I just finished making another longbow. I made this one from a red oak stave, backed it with heavy linen, and tillered it to 83 lbs. I coated it with 5 coats of Minwax, and wrapped the grip with suede latigo. I coated the grip with mink oil to weather-proof it.

I named it Thunderstyk. I shoots like a dream with either wood, carbon, or aluminum arrows (it does the best with 2275s), and hits like a ton of bricks.







My next project is going to be a bamboo-backed hickory flatbow.

Kanga 06-25-2008 07:30 PM

RE: My Newest Bow
 
Nice looking bow.

Just a question tho why 83lb's ?

bigcountry 06-25-2008 07:55 PM

RE: My Newest Bow
 
Here is the backing? I can't see it from the pictures?

burniegoeasily 06-25-2008 09:38 PM

RE: My Newest Bow
 
Nice. Looks like you are a knuckle shooter?

Gigmaster 06-26-2008 11:42 AM

RE: My Newest Bow
 
I wanted it to be a 'war-weight' longbow, which is typically 80-100+#. I stopped at 83 pounds because I think by the time I break it in, it will be near 80#. I plan to hunt hogs with it, so I wanted it to hit hard. Hogs are tough!
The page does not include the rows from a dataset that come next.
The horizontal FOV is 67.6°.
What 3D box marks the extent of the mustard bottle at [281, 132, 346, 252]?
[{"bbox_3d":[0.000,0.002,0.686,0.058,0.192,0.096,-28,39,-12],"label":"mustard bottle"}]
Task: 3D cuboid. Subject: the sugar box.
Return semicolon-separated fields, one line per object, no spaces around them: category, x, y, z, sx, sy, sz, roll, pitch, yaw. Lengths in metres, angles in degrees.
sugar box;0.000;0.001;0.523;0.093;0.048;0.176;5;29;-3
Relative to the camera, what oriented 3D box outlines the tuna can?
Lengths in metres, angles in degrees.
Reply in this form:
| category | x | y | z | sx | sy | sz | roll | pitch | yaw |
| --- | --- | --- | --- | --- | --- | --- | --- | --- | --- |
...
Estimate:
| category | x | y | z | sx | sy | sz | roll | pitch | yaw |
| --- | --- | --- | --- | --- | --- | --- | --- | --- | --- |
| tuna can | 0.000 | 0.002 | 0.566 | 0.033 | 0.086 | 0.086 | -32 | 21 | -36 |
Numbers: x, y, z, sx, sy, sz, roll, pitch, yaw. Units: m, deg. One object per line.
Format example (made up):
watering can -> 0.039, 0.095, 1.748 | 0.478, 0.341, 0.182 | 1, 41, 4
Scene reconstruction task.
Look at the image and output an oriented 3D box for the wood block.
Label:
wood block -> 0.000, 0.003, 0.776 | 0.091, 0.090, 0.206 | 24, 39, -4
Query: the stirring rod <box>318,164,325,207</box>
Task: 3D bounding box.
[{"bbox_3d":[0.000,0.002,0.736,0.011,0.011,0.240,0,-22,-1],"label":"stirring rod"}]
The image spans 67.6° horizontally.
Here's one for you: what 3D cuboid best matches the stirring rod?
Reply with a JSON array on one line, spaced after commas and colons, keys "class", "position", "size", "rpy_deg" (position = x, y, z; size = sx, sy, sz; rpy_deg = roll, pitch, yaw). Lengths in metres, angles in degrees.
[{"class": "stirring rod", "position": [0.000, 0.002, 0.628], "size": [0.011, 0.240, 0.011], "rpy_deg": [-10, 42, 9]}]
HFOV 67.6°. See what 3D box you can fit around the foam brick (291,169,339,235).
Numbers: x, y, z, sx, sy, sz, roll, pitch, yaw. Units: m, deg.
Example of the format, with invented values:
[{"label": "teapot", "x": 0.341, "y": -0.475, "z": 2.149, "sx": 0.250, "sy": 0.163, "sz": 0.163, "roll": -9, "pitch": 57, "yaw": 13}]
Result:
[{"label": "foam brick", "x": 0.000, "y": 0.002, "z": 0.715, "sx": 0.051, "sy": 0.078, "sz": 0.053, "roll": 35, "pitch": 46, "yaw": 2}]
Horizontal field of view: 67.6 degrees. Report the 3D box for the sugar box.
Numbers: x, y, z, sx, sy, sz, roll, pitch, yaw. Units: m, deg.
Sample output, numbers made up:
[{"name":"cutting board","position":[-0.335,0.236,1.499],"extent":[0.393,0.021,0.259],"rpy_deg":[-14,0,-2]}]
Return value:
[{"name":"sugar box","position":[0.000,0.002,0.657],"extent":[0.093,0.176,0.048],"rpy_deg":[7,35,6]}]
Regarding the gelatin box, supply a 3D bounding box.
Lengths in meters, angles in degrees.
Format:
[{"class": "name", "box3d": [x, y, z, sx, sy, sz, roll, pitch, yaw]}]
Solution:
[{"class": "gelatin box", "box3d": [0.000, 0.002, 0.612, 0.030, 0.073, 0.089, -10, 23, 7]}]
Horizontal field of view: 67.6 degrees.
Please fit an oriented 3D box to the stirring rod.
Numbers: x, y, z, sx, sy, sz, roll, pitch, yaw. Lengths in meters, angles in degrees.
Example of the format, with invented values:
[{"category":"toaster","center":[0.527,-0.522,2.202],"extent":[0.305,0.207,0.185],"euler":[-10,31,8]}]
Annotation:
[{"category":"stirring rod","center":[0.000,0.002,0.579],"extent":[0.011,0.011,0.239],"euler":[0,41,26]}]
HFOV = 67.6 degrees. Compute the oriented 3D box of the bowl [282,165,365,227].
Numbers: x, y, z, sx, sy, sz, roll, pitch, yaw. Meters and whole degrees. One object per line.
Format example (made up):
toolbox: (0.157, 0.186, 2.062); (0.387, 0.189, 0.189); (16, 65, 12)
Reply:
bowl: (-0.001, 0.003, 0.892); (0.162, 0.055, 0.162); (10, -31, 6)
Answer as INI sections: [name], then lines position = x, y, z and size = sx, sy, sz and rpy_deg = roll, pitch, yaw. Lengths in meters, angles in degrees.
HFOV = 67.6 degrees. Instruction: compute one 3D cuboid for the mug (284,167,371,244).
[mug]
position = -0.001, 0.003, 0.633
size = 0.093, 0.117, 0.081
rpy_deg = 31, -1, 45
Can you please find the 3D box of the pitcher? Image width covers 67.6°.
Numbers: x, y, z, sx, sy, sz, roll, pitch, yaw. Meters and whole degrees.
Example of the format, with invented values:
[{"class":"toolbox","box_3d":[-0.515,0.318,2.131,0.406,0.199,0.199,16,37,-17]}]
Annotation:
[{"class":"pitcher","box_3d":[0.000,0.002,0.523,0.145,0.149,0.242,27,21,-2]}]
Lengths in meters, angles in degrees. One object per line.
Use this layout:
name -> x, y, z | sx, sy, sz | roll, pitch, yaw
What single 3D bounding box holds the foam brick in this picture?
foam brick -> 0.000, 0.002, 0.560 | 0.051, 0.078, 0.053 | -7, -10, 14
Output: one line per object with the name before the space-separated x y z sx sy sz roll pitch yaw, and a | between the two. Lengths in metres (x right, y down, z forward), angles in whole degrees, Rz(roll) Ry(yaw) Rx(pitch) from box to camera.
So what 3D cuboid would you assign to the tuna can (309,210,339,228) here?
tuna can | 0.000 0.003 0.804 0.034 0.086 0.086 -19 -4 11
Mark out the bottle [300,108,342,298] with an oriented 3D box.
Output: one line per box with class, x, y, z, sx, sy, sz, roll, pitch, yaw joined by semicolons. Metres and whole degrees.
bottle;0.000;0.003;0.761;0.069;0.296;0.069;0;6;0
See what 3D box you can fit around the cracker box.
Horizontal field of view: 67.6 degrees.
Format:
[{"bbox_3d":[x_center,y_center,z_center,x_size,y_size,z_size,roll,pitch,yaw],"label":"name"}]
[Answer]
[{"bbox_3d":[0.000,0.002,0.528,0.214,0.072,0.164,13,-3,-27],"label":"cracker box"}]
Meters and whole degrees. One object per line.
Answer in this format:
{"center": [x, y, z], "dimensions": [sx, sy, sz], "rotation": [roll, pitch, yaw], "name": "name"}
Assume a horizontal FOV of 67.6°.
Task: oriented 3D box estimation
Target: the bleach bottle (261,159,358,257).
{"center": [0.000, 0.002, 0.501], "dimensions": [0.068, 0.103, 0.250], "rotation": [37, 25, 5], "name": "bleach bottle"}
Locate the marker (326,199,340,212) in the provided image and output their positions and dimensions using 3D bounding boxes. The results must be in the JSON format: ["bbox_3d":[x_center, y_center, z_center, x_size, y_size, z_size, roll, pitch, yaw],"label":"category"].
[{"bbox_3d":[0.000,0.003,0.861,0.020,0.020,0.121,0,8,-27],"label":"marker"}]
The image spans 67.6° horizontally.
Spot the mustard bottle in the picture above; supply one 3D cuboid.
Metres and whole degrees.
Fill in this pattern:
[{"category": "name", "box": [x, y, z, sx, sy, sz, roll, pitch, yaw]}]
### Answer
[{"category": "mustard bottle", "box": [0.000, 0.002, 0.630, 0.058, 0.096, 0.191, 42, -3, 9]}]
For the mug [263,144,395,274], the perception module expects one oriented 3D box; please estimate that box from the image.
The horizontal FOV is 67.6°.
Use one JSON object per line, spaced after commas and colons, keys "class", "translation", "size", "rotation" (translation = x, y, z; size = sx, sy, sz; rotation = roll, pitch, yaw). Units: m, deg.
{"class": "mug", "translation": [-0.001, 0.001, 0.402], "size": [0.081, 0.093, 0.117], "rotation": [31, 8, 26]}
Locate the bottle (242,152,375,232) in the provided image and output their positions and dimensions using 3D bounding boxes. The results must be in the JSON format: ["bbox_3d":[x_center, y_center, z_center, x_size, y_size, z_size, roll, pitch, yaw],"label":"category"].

And, I also wanted a taste of what the longbowmen at Crecy, and Poitiers felt.


ORIGINAL: Kanga

Nice looking bow.

Just a question tho why 83lb's ?

Gigmaster 06-26-2008 11:47 AM

RE: My Newest Bow
 

You can see it better in this picture. I am still learning how to, use the digital camera. It's got hundreds of settings (or so it seems).
It's just linen backing that I got from 3 Rivers Archery. I glued it to the back and trimmed it to size...and that's pretty much it. It really added some speed to the cast. On my next bow, I want to try a Bamboo backing.






ORIGINAL: bigcountry

Here is the backing? I can't see it from the pictures?

Gigmaster 06-26-2008 12:01 PM

RE: My Newest Bow
 
I wanted to keep it authentic as possible (within reason. I can't pull a 140# bow). True longbows are not allowed to have arrow shelves, sight pins, string knocks, and cannot be shot with releases. These are the rules of the International Longbow Society, as I understand them. They must be shot 'off-the-hand'.

Historically, the Welsh early-type, or 'seige' longbow did not even have a grip. It was just a stick with a string. I like the suede grip on this one. It fills my hand well, and the weight of the oak wood makes me feel like I have a real weapon in my hands. I like the extra heft. It seems to help me steady my shots.

I am working on a bamboo-backed hickory flat bow, now. I will cut an arrow shelf on it, and tiller it to around 45-55 pounds.

By the way, this is the first bow I've ever built. I just found a couple of sets of instructions online, and went from there. The tillering process is the scariest part for me. If you overshoot your target weight, you just killed your bow. You can't put wood back on it. That's why I stopped at 83 pounds. I can always go back and tiller it some more, if needed. I'm just chicken when it comes to tillering. And I actually like the way it shoots at this weight.


ORIGINAL: burniegoeasily

Nice. Looks like you are a knuckle shooter?

Arthur P 06-26-2008 01:20 PM

RE: My Newest Bow
 

If you overshoot your target weight, you just killed your bow.
You haven't killed it. Just won't be exactly what you intended. I've made more than my share of kiddie bows that started out to be 50 pounders. I get experience and a kid gets happy. Win/win situation. ;)


I'm just chicken when it comes to tillering.
Honestly, I think that's the right way to be.

As for backing, I like silk better than linen. Go to the fabric store and get some of the heavy weight silk they sell for making draperies. One yard of it will make a goodly number of bows.

Gigmaster 06-26-2008 03:32 PM

RE: My Newest Bow
 
I'll try that next time. Thanks


ORIGINAL: Arthur P


If you overshoot your target weight, you just killed your bow.
You haven't killed it. Just won't be exactly what you intended. I've made more than my share of kiddie bows that started out to be 50 pounders. I get experience and a kid gets happy. Win/win situation. ;)


I'm just chicken when it comes to tillering.
Honestly, I think that's the right way to be.

As for backing, I like silk better than linen. Go to the fabric store and get some of the heavy weight silk they sell for making draperies. One yard of it will make a goodly number of bows.